* **WORK ORDER**
Here the job is to copy the data exactly and to exclude every image from it.

* **GIVEN INFORMATION**
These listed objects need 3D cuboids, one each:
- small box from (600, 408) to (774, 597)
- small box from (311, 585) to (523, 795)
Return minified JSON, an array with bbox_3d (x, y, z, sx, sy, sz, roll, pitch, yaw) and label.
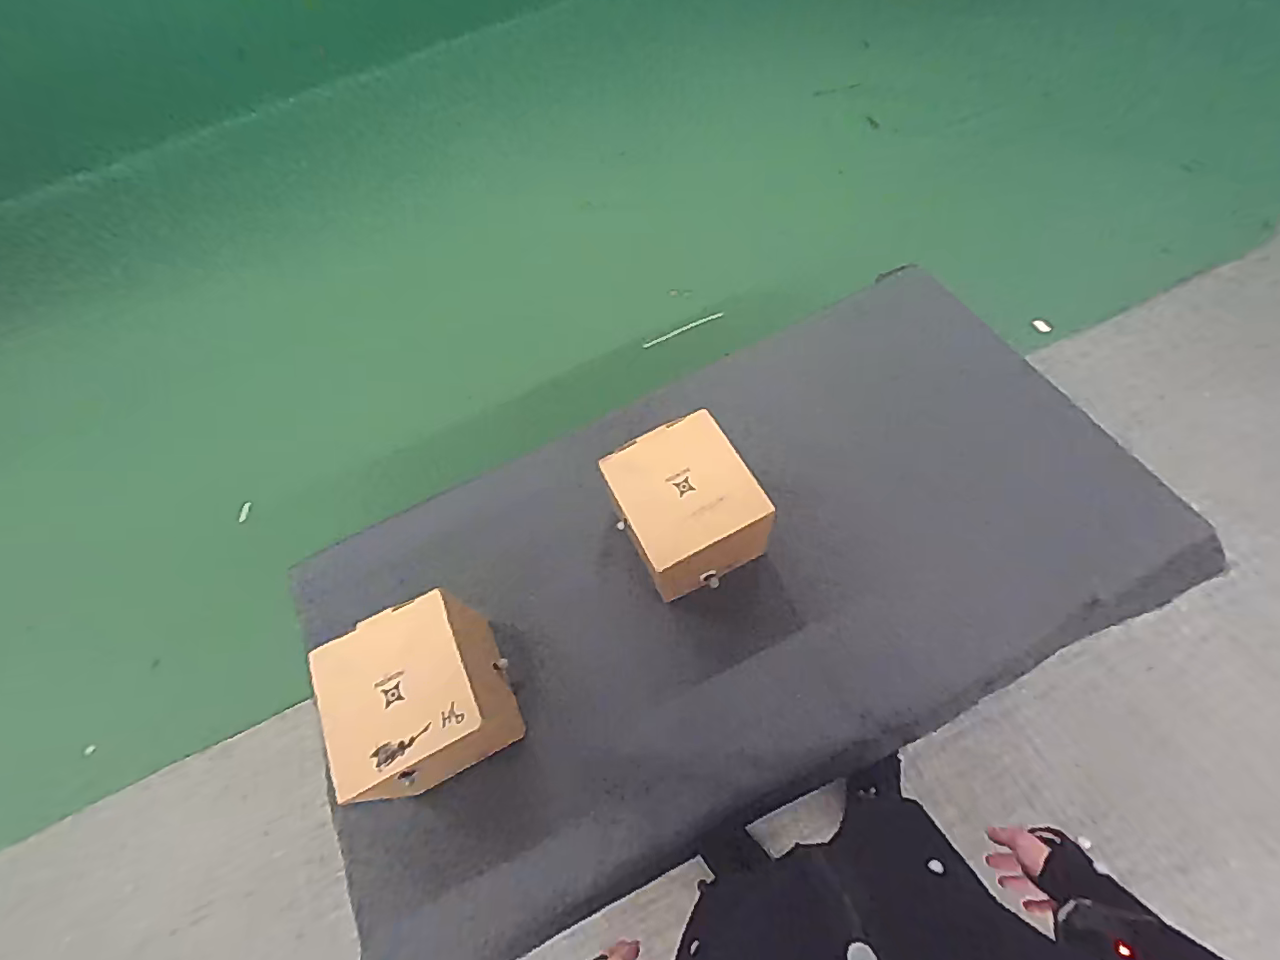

* **ANSWER TO THE PROBLEM**
These listed objects need 3D cuboids, one each:
- small box from (600, 408) to (774, 597)
- small box from (311, 585) to (523, 795)
Return minified JSON, an array with bbox_3d (x, y, z, sx, sy, sz, roll, pitch, yaw) and label.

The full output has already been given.